Von Buhl ist weder das erste noch das einzige Weingut, das die grafische Identität seiner Produkte entstaubt. Zu den Pionieren ästhetischer Erneuerung zählt der Ellerstädter Winzer Markus Schneider, der seinen Weinen so unverwechselbare Namen wie »Ursprung« und »Black Print« gibt – Weiß auf Schwarz gesetzt in klarer Schrifttype. Sie signalisieren, dass der Winzer seine Erzeugnisse als naturnahe, handwerklich hergestellte und charakterstarke Unikate verstanden wissen will. Wenn Lucien Karpik in seiner Untersuchung der Ökonomie von Singularitätsgütern und ihren Märkten den Wein einem sogenannten »Authentizitätsregime« zuschlägt, dann eignen sich die Winzer der neuen Szene bestens als Beleg. Denn dieses Regime, schreibt Karpik, »besteht aus Namen«. Namen wie »Fräulein Hu« oder »Sexy MF«, wie sie die Westhofener Winzerin Katharina Wechsler ihren Weinen gibt. Oder wie »Kaliber 12«, der Bezeichnung eines Spätburgunders aus der Kollektion der rheinhessischen Önologin Simone Adams. Das Etikett hat ein Loch, das an einen Durchschuss erinnert. Adams jagt gerne – Name und grafische Gestaltung verbinden das Produkt mit der Person der Winzerin zu einem Singularität evozierenden Zeichen.

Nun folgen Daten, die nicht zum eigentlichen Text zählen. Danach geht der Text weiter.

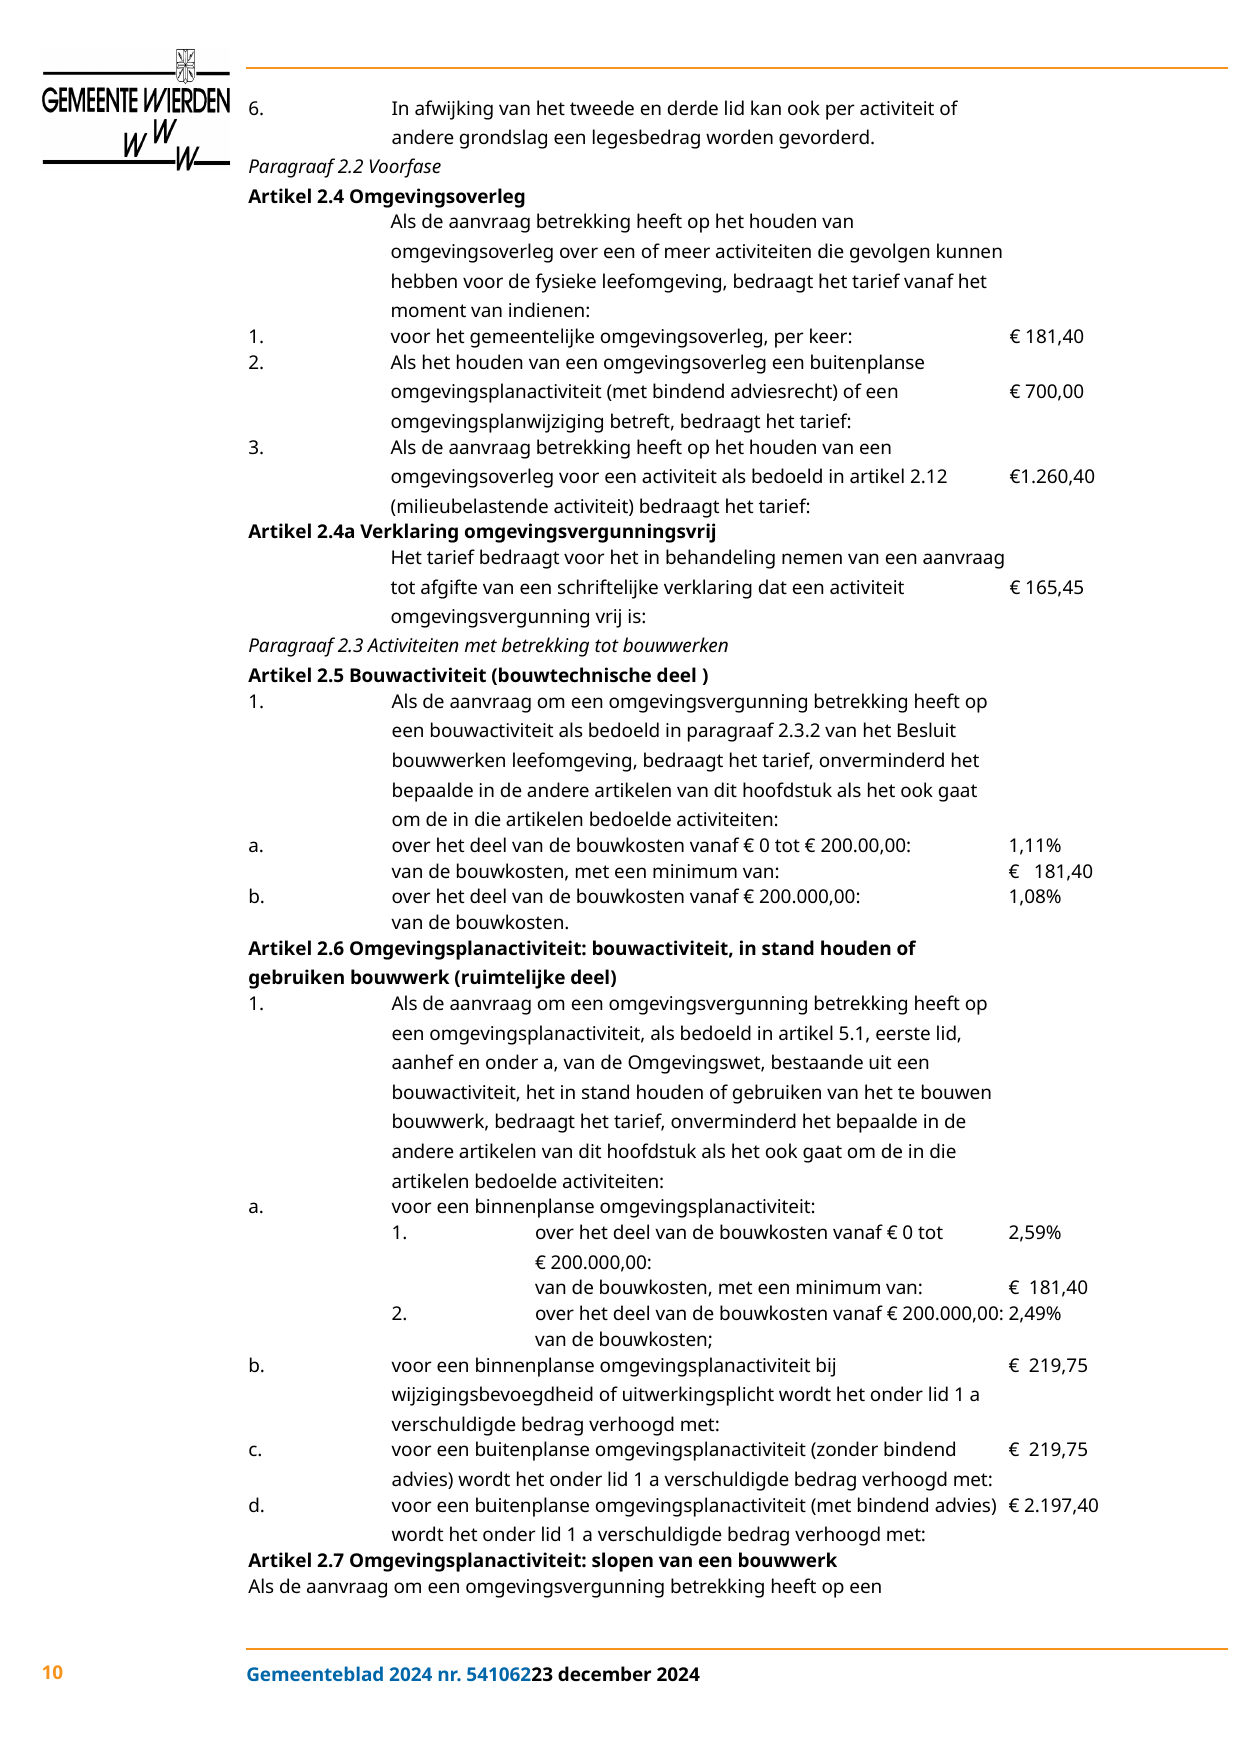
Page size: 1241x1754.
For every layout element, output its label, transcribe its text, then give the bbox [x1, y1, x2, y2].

table_cell In afwijking van het tweede en derde lid kan ook per activiteit of andere grondslag een legesbedrag worden gevorderd. [391, 95, 1008, 150]
table_cell [248, 1219, 391, 1274]
table_cell [1008, 935, 1152, 990]
table_cell van de bouwkosten; [535, 1326, 1008, 1352]
table_cell € 219,75 [1008, 1437, 1152, 1492]
table_cell 1. [391, 1219, 535, 1274]
table_cell Als de aanvraag betrekking heeft op het houden van een omgevingsoverleg voor een activiteit als bedoeld in artikel 2.12 (milieubelastende activiteit) bedraagt het tarief: [390, 434, 1009, 519]
table_cell [391, 1326, 535, 1352]
table_cell [1008, 95, 1152, 150]
table_cell 2,59% [1008, 1219, 1152, 1274]
table_cell van de bouwkosten. [391, 909, 1008, 935]
table_cell [248, 1300, 391, 1326]
table_cell € 165,45 [1009, 545, 1152, 629]
table_cell 1,11% [1008, 832, 1152, 858]
table_cell [1008, 990, 1152, 1193]
table_cell voor het gemeentelijke omgevingsoverleg, per keer: [390, 323, 1009, 349]
table_header [1008, 662, 1152, 688]
table_cell d. [248, 1492, 391, 1547]
table_cell b. [248, 1352, 391, 1437]
table_cell voor een binnenplanse omgevingsplanactiviteit bij wijzigingsbevoegdheid of uitwerkingsplicht wordt het onder lid 1 a verschuldigde bedrag verhoogd met: [391, 1352, 1008, 1437]
table_cell Artikel 2.7 Omgevingsplanactiviteit: slopen van een bouwwerk [248, 1547, 1008, 1573]
table_cell € 700,00 [1009, 349, 1152, 434]
table_cell [1008, 1326, 1152, 1352]
table_cell [867, 519, 1152, 544]
table_cell a. [248, 1194, 391, 1219]
table_cell €1.260,40 [1009, 434, 1152, 519]
table_cell van de bouwkosten, met een minimum van: [535, 1275, 1008, 1300]
table_cell voor een binnenplanse omgevingsplanactiviteit: [391, 1194, 1008, 1219]
table_cell b. [248, 884, 391, 909]
table_cell over het deel van de bouwkosten vanaf € 200.000,00: [391, 884, 1008, 909]
table_cell € 181,40 [1008, 858, 1152, 883]
table_cell van de bouwkosten, met een minimum van: [391, 858, 1008, 883]
table_cell 2. [248, 349, 390, 434]
table_cell € 181,40 [1008, 1275, 1152, 1300]
table_cell 3. [248, 434, 390, 519]
table_cell € 2.197,40 [1008, 1492, 1152, 1547]
table_cell a. [248, 832, 391, 858]
table_cell Als de aanvraag om een omgevingsvergunning betrekking heeft op een omgevingsplanactiviteit, als bedoeld in artikel 5.1, eerste lid, aanhef en onder a, van de Omgevingswet, bestaande uit een bouwactiviteit, het in stand houden of gebruiken van het te bouwen bouwwerk, bedraagt het tarief, onverminderd het bepaalde in de andere artikelen van dit hoofdstuk als het ook gaat om de in die artikelen bedoelde activiteiten: [391, 990, 1008, 1193]
table_cell 2,49% [1008, 1300, 1152, 1326]
table_cell [248, 209, 390, 323]
table_cell 1. [248, 688, 391, 832]
table_cell [248, 545, 390, 629]
table_cell Als de aanvraag om een omgevingsvergunning betrekking heeft op een bouwactiviteit als bedoeld in paragraaf 2.3.2 van het Besluit bouwwerken leefomgeving, bedraagt het tarief, onverminderd het bepaalde in de andere artikelen van dit hoofdstuk als het ook gaat om de in die artikelen bedoelde activiteiten: [391, 688, 1008, 832]
table_cell € 219,75 [1008, 1352, 1152, 1437]
table_cell [1008, 909, 1152, 935]
table_cell Als de aanvraag betrekking heeft op het houden van omgevingsoverleg over een of meer activiteiten die gevolgen kunnen hebben voor de fysieke leefomgeving, bedraagt het tarief vanaf het moment van indienen: [390, 209, 1009, 323]
table_header Artikel 2.4 Omgevingsoverleg [248, 183, 1009, 209]
table_header [1009, 183, 1152, 209]
text Paragraaf 2.2 Voorfase [248, 153, 1152, 179]
table_cell 1. [248, 323, 390, 349]
table_cell [248, 1326, 391, 1352]
table_cell [391, 1275, 535, 1300]
table_cell [248, 858, 391, 883]
table_header Artikel 2.5 Bouwactiviteit (bouwtechnische deel ) [248, 662, 1008, 688]
table_cell € 181,40 [1009, 323, 1152, 349]
table_cell Als de aanvraag om een omgevingsvergunning betrekking heeft op een [248, 1573, 1008, 1599]
table_cell voor een buitenplanse omgevingsplanactiviteit (met bindend advies) wordt het onder lid 1 a verschuldigde bedrag verhoogd met: [391, 1492, 1008, 1547]
table_cell 1,08% [1008, 884, 1152, 909]
table_cell over het deel van de bouwkosten vanaf € 200.000,00: [535, 1300, 1008, 1326]
table_cell over het deel van de bouwkosten vanaf € 0 tot € 200.000,00: [535, 1219, 1008, 1274]
text Paragraaf 2.3 Activiteiten met betrekking tot bouwwerken [248, 633, 1152, 658]
table_cell [248, 1275, 391, 1300]
table_cell 2. [391, 1300, 535, 1326]
table_cell Als het houden van een omgevingsoverleg een buitenplanse omgevingsplanactiviteit (met bindend adviesrecht) of een omgevingsplanwijziging betreft, bedraagt het tarief: [390, 349, 1009, 434]
table_cell 6. [248, 95, 391, 150]
table_cell [1008, 1573, 1152, 1599]
table_cell [248, 909, 391, 935]
table_cell [1008, 1547, 1152, 1573]
table_cell [1008, 1194, 1152, 1219]
picture [41, 47, 231, 172]
table_cell c. [248, 1437, 391, 1492]
table_cell Artikel 2.4a Verklaring omgevingsvergunningsvrij [248, 519, 867, 544]
table_cell [1008, 688, 1152, 832]
table_cell over het deel van de bouwkosten vanaf € 0 tot € 200.00,00: [391, 832, 1008, 858]
table_cell Artikel 2.6 Omgevingsplanactiviteit: bouwactiviteit, in stand houden of gebruiken bouwwerk (ruimtelijke deel) [248, 935, 1008, 990]
table_cell Het tarief bedraagt voor het in behandeling nemen van een aanvraag tot afgifte van een schriftelijke verklaring dat een activiteit omgevingsvergunning vrij is: [390, 545, 1009, 629]
table_cell voor een buitenplanse omgevingsplanactiviteit (zonder bindend advies) wordt het onder lid 1 a verschuldigde bedrag verhoogd met: [391, 1437, 1008, 1492]
table_cell 1. [248, 990, 391, 1193]
table_cell [1009, 209, 1152, 323]
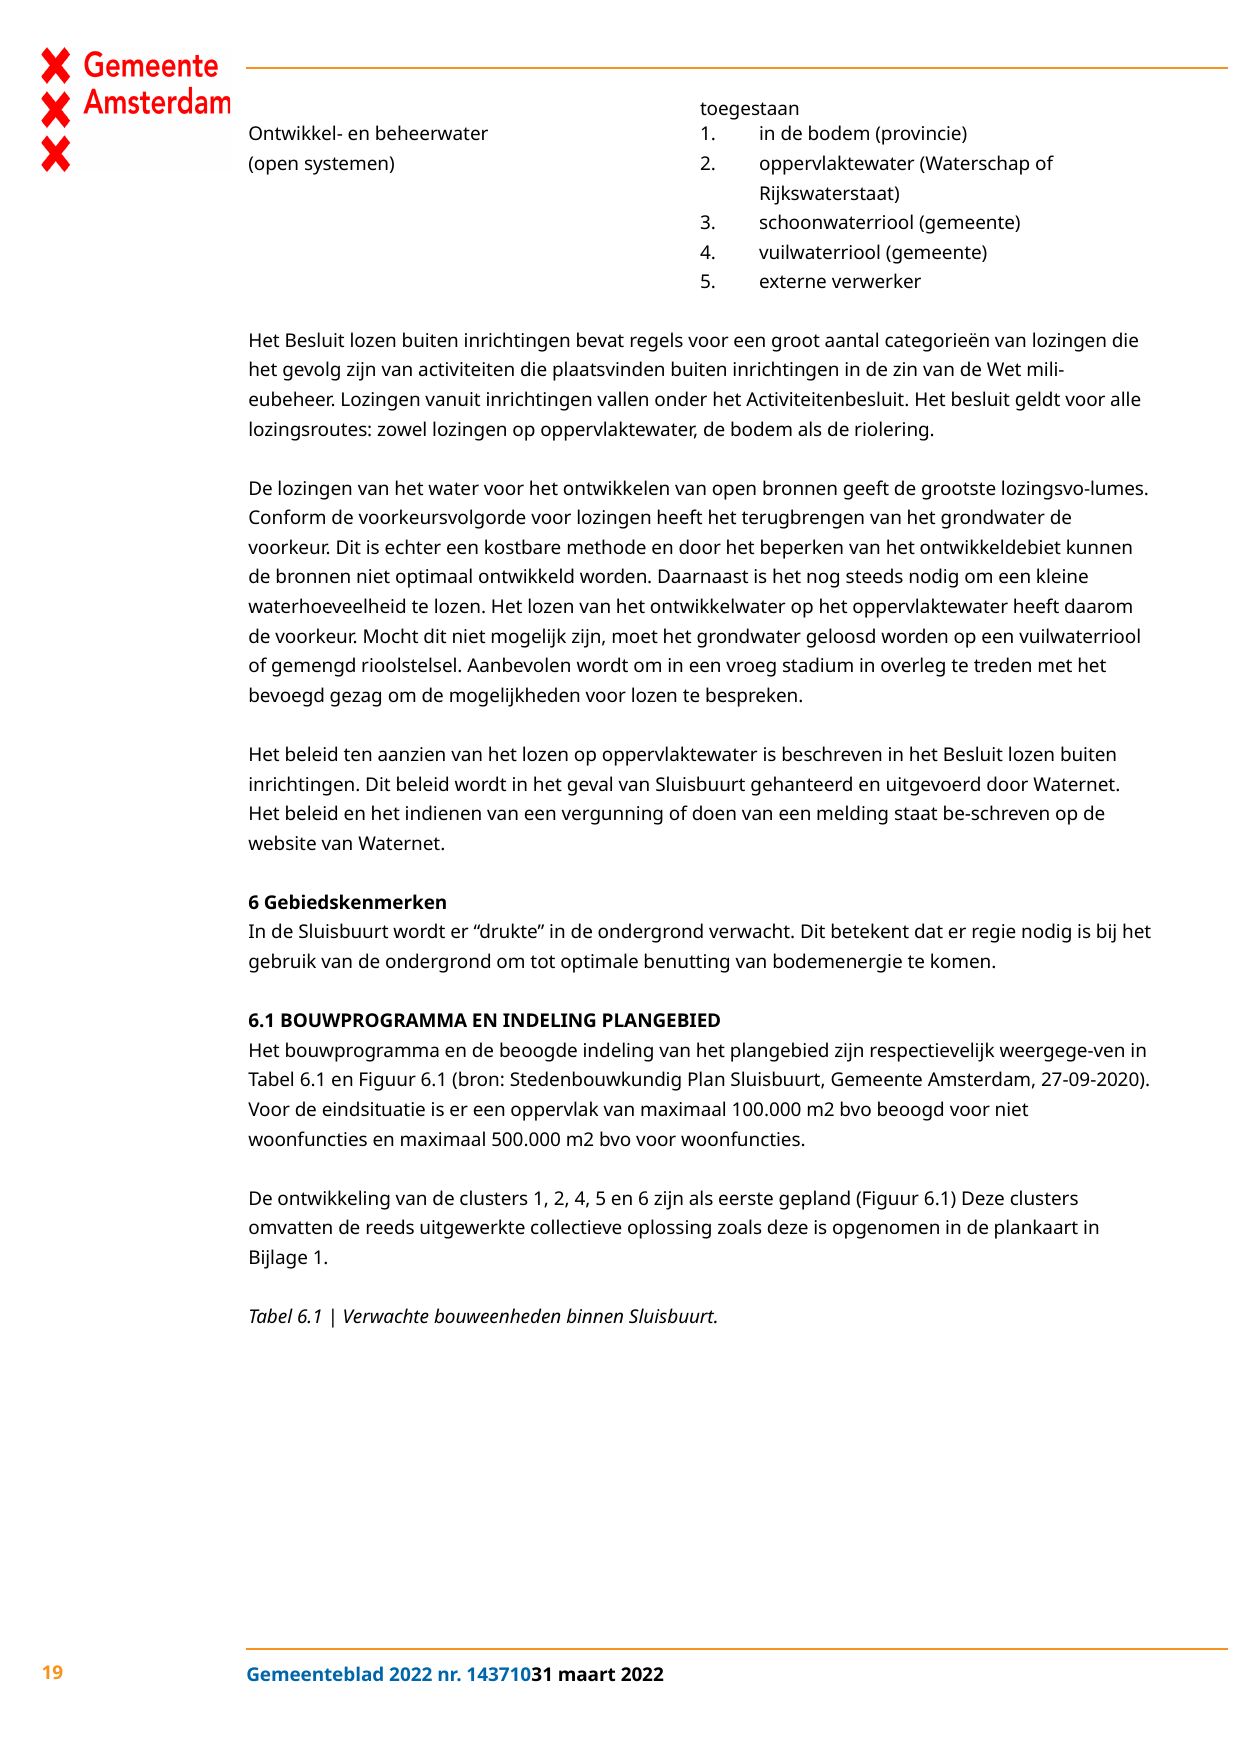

Die neue Weinszene hat nicht nur eine visuelle Signatur, sondern auch eine sprachliche. Ihren Sound hat der österreichische Fotograf und Weinjournalist Manfred Klimek geprägt. Er lobt das Saufen (im Gegensatz zum Genusstrinken) so leidenschaftlich, dass er als der Robert Pfaller des Weinjournalismus gelten darf. 2009 gründete Klimek zusammen mit Marcus Johst den Blog »Captain Cork«, aus dem er 2014 wieder ausstieg. Der Captain duzt und kalauert und tritt respektlos auf. Er will nicht einschüchtern, sondern unterhalten, mit Überschriften wie »Bollinger oder Bollongschee?«, »Hast Du Asche für La Tâche?« oder »Die Winzer am Arsch«. Ein Jahr nach seinem Ausstieg tauchte Klimek als Chefredakteur der neu gegründeten Zeitschrift »Schluck« wieder auf. »Das anstössige Weinmagazin«, so die Selbstbeschreibung, startete mit einer Auflage von 10.000 Exemplaren, steigerte sich gleich mit dem zweiten Heft auf 15.000 und erreicht seit der dritten Ausgabe zweimal im Jahr 20.000 gedruckte Hefte. Das Erfolgsrezept: ein Editoral, das in den ersten Jahren »Edith Oral« hieß, und Artikel, die mit »Hugh Hefner« (über Gärung), »Sich eines blasen lassen« (über Gläser) oder »Besoffen Liebe machen« betitelt sind. Dazu gab’s einen von Klimek fotografierten »Jungwinzerinnenkalender« – natürlich in Anführungszeichen. Ziel des neuerdings erhobenen, prolligen Tons in der Weinberichterstattung war es seinem Erfinder zufolge, »stinklangweilige Weinforen mit überheblichen Wichtigtuern« durch einen unverkrampfteren, entspannten Stil abzulösen. »Die ganze Weinszene vor 2013«, resümierte Klimek 2018, »war eine Angelegenheit von langweiligen, alten Leuten.«
Aber wie jung ist die neue Weinkenner-Generation wirklich? Und wie neu ist ihr zwischen Derbheit und Lässigkeit changierender Ton? Einige Protagonisten der Szene – wie die drei Star-Sommeliers Justin Leone, Willi Schlögl und Billy Wagner – sind in den 1980er Jahren geboren. Doch Klimek ist Jahrgang 1962; Master Sommelier Hendrik Thoma, der schon seit 2012 auf seinem Video-Blog »Wein am Limit« Weine nach ihrem »Soulfaktor« beurteilt, wurde 1967 geboren, und der britische Weinautor Stuart Pigott, Jahrgang 1960, trat bereits in den 1990er Jahren mit exzentrischer Garderobe und zugänglicher Sprache an, um einen informelleren Stil in die Weinwelt zu bringen. Ganz so eindeutig, wie Klimek behauptet, lässt sich ein Generationenwechsel also nicht markieren. Auch die Gegnerschaft wirkt konstruiert, schaut man auf die gradlinige Urteilsfreude einer Paula Bosch (Leones legendäre Vorgängerin im Münchener Sternerestaurant Tantris) oder die einladende Präzision von Jens Priewe, dem Grandseigneur des deutschen Weinjournalismus. Sie eignen sich sicherlich nicht als Beispiele für »langweilige, alte Leute«.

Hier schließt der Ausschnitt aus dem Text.